EXERCISE: The records that follow must be repeated exactly, except for their pictures.

Entries taken from a collection:
━━━

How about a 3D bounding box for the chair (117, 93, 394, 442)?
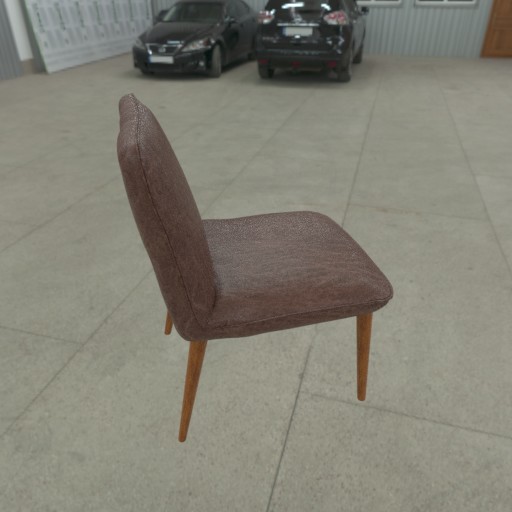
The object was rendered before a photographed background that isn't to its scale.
[{"bbox_3d":[0.000,0.000,1.211,0.645,0.803,0.543,-10,32,-17],"label":"chair"}]
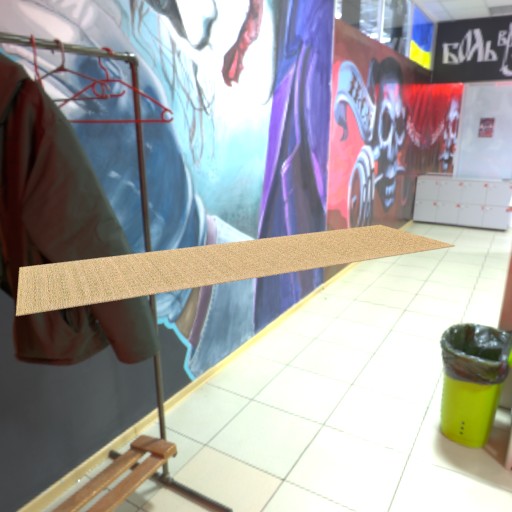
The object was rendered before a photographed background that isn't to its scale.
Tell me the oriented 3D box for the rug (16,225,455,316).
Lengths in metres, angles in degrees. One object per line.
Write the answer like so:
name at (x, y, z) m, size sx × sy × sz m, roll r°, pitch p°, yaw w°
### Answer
rug at (0.000, 0.000, 2.554) m, size 2.437 × 0.006 × 0.686 m, roll -8°, pitch 18°, yaw -25°
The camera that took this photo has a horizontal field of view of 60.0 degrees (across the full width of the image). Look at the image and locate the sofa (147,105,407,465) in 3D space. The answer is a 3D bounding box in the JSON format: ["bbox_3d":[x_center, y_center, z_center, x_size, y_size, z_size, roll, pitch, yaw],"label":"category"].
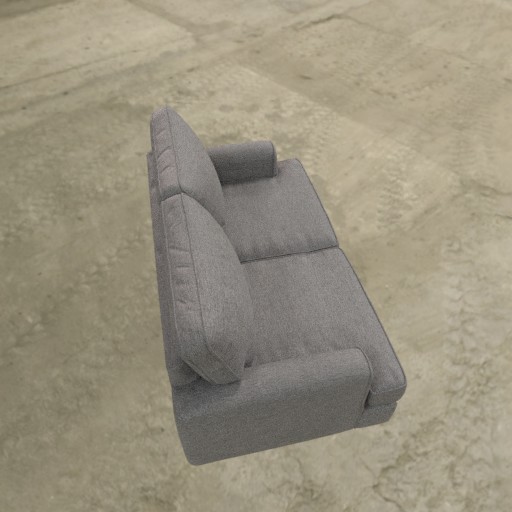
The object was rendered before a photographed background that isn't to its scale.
[{"bbox_3d":[0.000,0.000,2.231,0.965,0.965,1.651,-9,48,-8],"label":"sofa"}]
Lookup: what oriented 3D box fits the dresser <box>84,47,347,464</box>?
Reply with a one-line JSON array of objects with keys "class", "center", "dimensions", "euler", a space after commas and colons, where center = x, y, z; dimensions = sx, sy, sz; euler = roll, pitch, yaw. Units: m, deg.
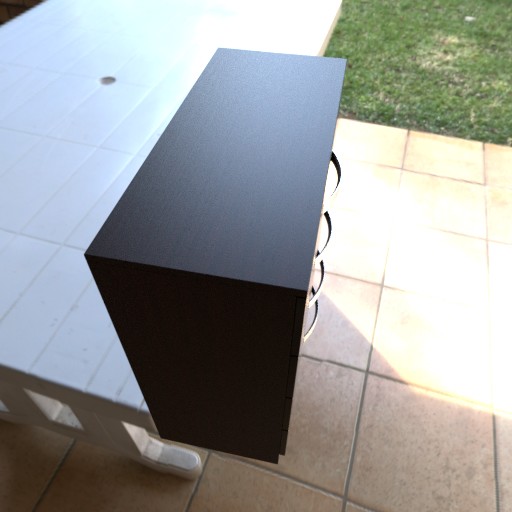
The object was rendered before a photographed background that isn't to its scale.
[{"class": "dresser", "center": [0.000, 0.000, 1.139], "dimensions": [0.360, 0.720, 0.750], "euler": [9, 48, 8]}]
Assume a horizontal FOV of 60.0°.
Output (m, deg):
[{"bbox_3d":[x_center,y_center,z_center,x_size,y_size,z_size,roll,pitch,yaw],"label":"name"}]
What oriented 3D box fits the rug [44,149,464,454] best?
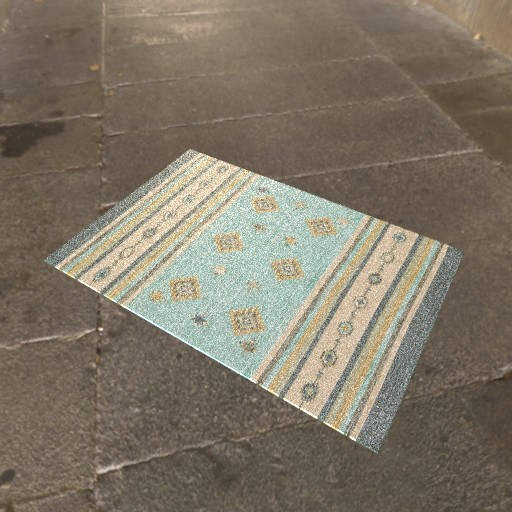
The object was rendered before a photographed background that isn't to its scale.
[{"bbox_3d":[0.000,0.000,2.297,1.811,0.010,1.212,24,51,22],"label":"rug"}]
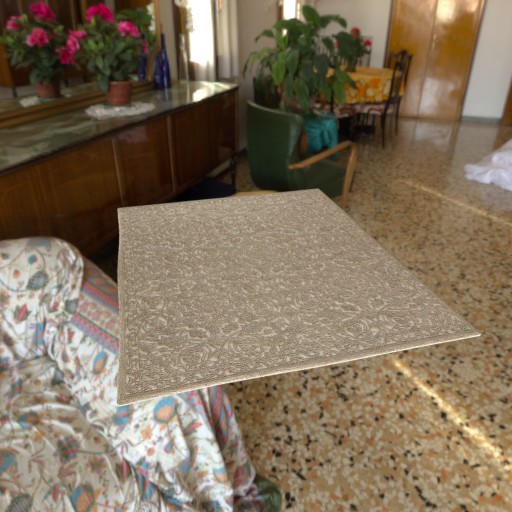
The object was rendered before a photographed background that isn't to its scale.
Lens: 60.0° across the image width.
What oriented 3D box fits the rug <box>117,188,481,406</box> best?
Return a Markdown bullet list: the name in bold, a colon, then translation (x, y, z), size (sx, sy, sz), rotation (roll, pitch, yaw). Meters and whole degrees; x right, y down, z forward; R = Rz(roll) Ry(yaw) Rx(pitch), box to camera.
- **rug**: translation (0.000, 0.000, 4.095), size (2.472, 0.035, 3.017), rotation (-7, 30, -13)
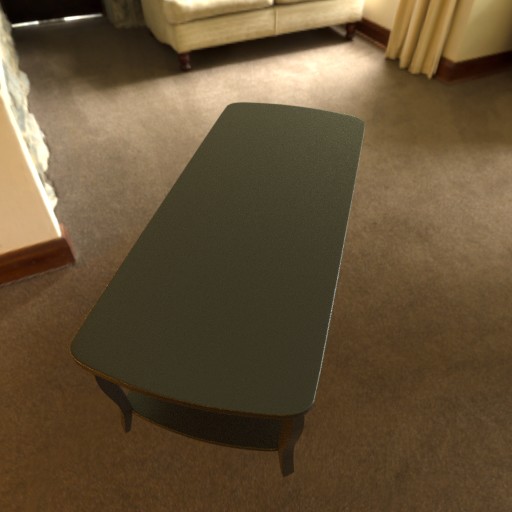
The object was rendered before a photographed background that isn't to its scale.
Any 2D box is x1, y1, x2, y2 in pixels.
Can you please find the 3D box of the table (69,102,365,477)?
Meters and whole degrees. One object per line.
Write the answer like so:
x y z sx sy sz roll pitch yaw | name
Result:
0.000 0.000 1.532 0.571 0.457 1.333 11 46 10 | table
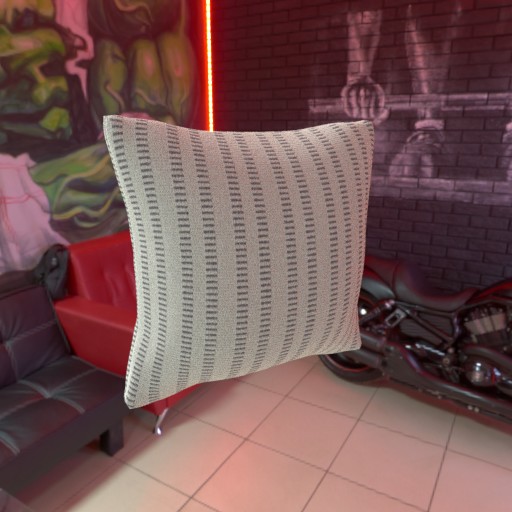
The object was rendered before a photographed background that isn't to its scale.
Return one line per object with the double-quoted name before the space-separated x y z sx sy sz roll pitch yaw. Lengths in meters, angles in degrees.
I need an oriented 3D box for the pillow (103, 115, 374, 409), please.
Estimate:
"pillow" 0.000 0.000 0.702 0.438 0.419 0.247 -7 17 -25
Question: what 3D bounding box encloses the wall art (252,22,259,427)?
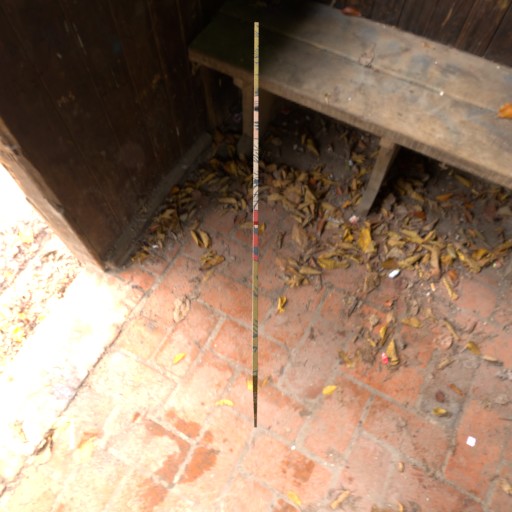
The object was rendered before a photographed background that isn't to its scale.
[{"bbox_3d":[0.000,0.000,1.817,0.013,1.218,1.206,0,64,0],"label":"wall art"}]
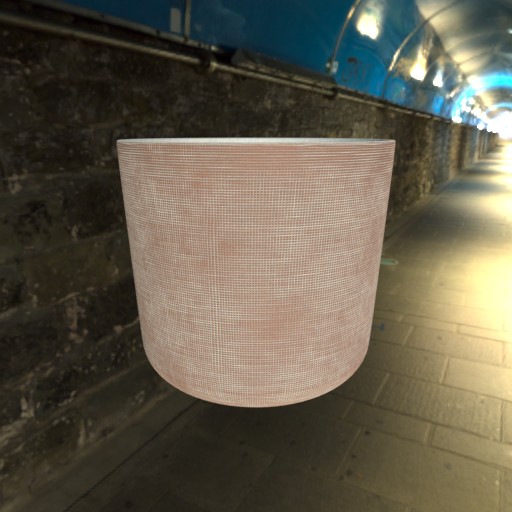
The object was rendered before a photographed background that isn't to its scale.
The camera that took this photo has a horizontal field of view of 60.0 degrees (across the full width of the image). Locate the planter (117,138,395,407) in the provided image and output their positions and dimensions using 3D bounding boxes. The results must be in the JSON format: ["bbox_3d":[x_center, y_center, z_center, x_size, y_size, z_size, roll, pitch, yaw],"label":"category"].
[{"bbox_3d":[0.000,0.000,0.783,0.440,0.398,0.440,0,16,0],"label":"planter"}]
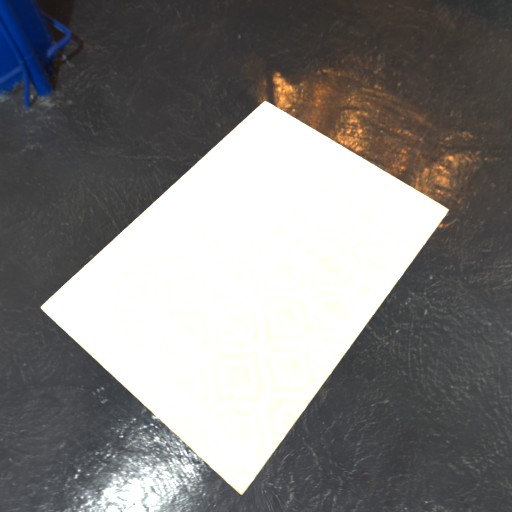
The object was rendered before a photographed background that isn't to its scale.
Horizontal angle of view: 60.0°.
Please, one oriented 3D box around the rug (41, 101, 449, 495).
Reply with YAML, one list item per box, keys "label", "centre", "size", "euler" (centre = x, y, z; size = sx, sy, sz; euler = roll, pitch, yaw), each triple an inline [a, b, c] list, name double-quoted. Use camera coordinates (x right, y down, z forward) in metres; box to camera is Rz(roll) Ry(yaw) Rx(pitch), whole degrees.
- label: "rug"
  centre: [0.000, 0.000, 4.347]
  size: [2.438, 0.010, 3.353]
  euler: [36, 69, 16]
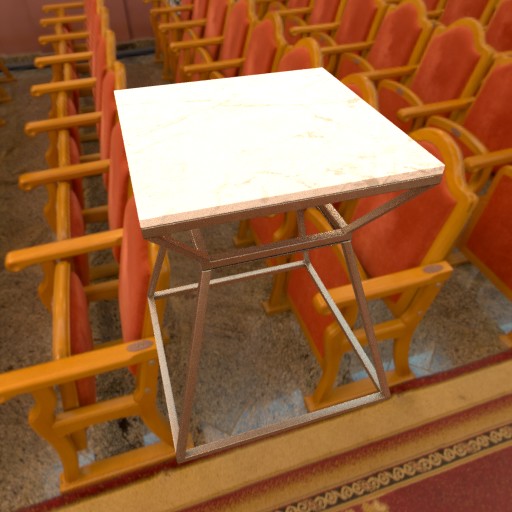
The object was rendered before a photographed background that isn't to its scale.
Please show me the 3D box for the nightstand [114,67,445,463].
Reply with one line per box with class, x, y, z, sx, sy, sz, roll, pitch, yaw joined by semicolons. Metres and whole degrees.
nightstand;0.000;0.000;0.875;0.455;0.554;0.455;-12;43;-13
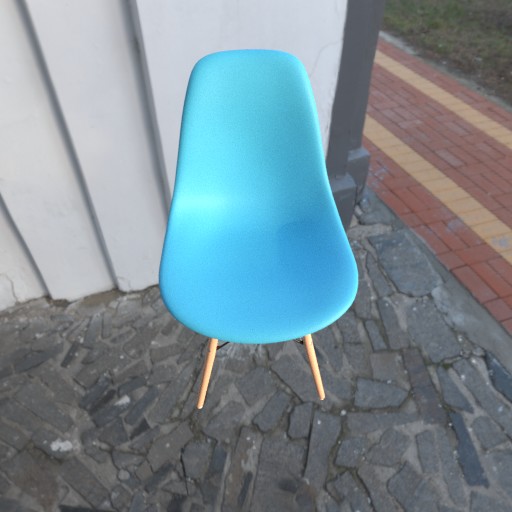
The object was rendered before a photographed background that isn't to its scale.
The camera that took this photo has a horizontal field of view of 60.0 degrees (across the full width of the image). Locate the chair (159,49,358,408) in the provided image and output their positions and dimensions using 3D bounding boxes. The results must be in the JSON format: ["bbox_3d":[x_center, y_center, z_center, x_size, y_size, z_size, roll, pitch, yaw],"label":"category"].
[{"bbox_3d":[0.000,0.000,1.133,0.470,0.826,0.531,-3,45,-3],"label":"chair"}]

━━━

TASK RESPONSE:
How about a 3D bounding box for the chair (117, 93, 394, 442)?
The object was rendered before a photographed background that isn't to its scale.
[{"bbox_3d":[0.000,0.000,1.211,0.645,0.803,0.543,-10,32,-17],"label":"chair"}]
The object was rendered before a photographed background that isn't to its scale.
Tell me the oriented 3D box for the rug (16,225,455,316).
Lengths in metres, angles in degrees. One object per line.
Write the answer like so:
name at (x, y, z) m, size sx × sy × sz m, roll r°, pitch p°, yaw w°
### Answer
rug at (0.000, 0.000, 2.554) m, size 2.437 × 0.006 × 0.686 m, roll -8°, pitch 18°, yaw -25°
The camera that took this photo has a horizontal field of view of 60.0 degrees (across the full width of the image). Look at the image and locate the sofa (147,105,407,465) in 3D space. The answer is a 3D bounding box in the JSON format: ["bbox_3d":[x_center, y_center, z_center, x_size, y_size, z_size, roll, pitch, yaw],"label":"category"].
The object was rendered before a photographed background that isn't to its scale.
[{"bbox_3d":[0.000,0.000,2.231,0.965,0.965,1.651,-9,48,-8],"label":"sofa"}]
Lookup: what oriented 3D box fits the dresser <box>84,47,347,464</box>?
Reply with a one-line JSON array of objects with keys "class", "center", "dimensions", "euler", a space after commas and colons, where center = x, y, z; dimensions = sx, sy, sz; euler = roll, pitch, yaw. Units: m, deg.
The object was rendered before a photographed background that isn't to its scale.
[{"class": "dresser", "center": [0.000, 0.000, 1.139], "dimensions": [0.360, 0.720, 0.750], "euler": [9, 48, 8]}]
Assume a horizontal FOV of 60.0°.
Output (m, deg):
[{"bbox_3d":[x_center,y_center,z_center,x_size,y_size,z_size,roll,pitch,yaw],"label":"name"}]
What oriented 3D box fits the rug [44,149,464,454] best?
The object was rendered before a photographed background that isn't to its scale.
[{"bbox_3d":[0.000,0.000,2.297,1.811,0.010,1.212,24,51,22],"label":"rug"}]
The object was rendered before a photographed background that isn't to its scale.
Lens: 60.0° across the image width.
What oriented 3D box fits the rug <box>117,188,481,406</box> best?
Return a Markdown bullet list: the name in bold, a colon, then translation (x, y, z), size (sx, sy, sz), rotation (roll, pitch, yaw). Meters and whole degrees; x right, y down, z forward; R = Rz(roll) Ry(yaw) Rx(pitch), box to camera.
- **rug**: translation (0.000, 0.000, 4.095), size (2.472, 0.035, 3.017), rotation (-7, 30, -13)
The object was rendered before a photographed background that isn't to its scale.
Any 2D box is x1, y1, x2, y2 in pixels.
Can you please find the 3D box of the table (69,102,365,477)?
Meters and whole degrees. One object per line.
Write the answer like so:
x y z sx sy sz roll pitch yaw | name
Result:
0.000 0.000 1.532 0.571 0.457 1.333 11 46 10 | table
The object was rendered before a photographed background that isn't to its scale.
Return one line per object with the double-quoted name before the space-separated x y z sx sy sz roll pitch yaw. Lengths in meters, angles in degrees.
I need an oriented 3D box for the pillow (103, 115, 374, 409), please.
Estimate:
"pillow" 0.000 0.000 0.702 0.438 0.419 0.247 -7 17 -25
Question: what 3D bounding box encloses the wall art (252,22,259,427)?
The object was rendered before a photographed background that isn't to its scale.
[{"bbox_3d":[0.000,0.000,1.817,0.013,1.218,1.206,0,64,0],"label":"wall art"}]
The object was rendered before a photographed background that isn't to its scale.
The camera that took this photo has a horizontal field of view of 60.0 degrees (across the full width of the image). Locate the planter (117,138,395,407) in the provided image and output their positions and dimensions using 3D bounding boxes. The results must be in the JSON format: ["bbox_3d":[x_center, y_center, z_center, x_size, y_size, z_size, roll, pitch, yaw],"label":"category"].
[{"bbox_3d":[0.000,0.000,0.783,0.440,0.398,0.440,0,16,0],"label":"planter"}]
The object was rendered before a photographed background that isn't to its scale.
Horizontal angle of view: 60.0°.
Please, one oriented 3D box around the rug (41, 101, 449, 495).
Reply with YAML, one list item per box, keys "label", "centre", "size", "euler" (centre = x, y, z; size = sx, sy, sz; euler = roll, pitch, yaw), each triple an inline [a, b, c] list, name double-quoted. Use camera coordinates (x right, y down, z forward) in metres; box to camera is Rz(roll) Ry(yaw) Rx(pitch), whole degrees.
- label: "rug"
  centre: [0.000, 0.000, 4.347]
  size: [2.438, 0.010, 3.353]
  euler: [36, 69, 16]
The object was rendered before a photographed background that isn't to its scale.
Please show me the 3D box for the nightstand [114,67,445,463].
Reply with one line per box with class, x, y, z, sx, sy, sz, roll, pitch, yaw joined by semicolons. Metres and whole degrees.
nightstand;0.000;0.000;0.875;0.455;0.554;0.455;-12;43;-13
The object was rendered before a photographed background that isn't to its scale.
The camera that took this photo has a horizontal field of view of 60.0 degrees (across the full width of the image). Locate the chair (159,49,358,408) in the provided image and output their positions and dimensions using 3D bounding boxes. The results must be in the JSON format: ["bbox_3d":[x_center, y_center, z_center, x_size, y_size, z_size, roll, pitch, yaw],"label":"category"].
[{"bbox_3d":[0.000,0.000,1.133,0.470,0.826,0.531,-3,45,-3],"label":"chair"}]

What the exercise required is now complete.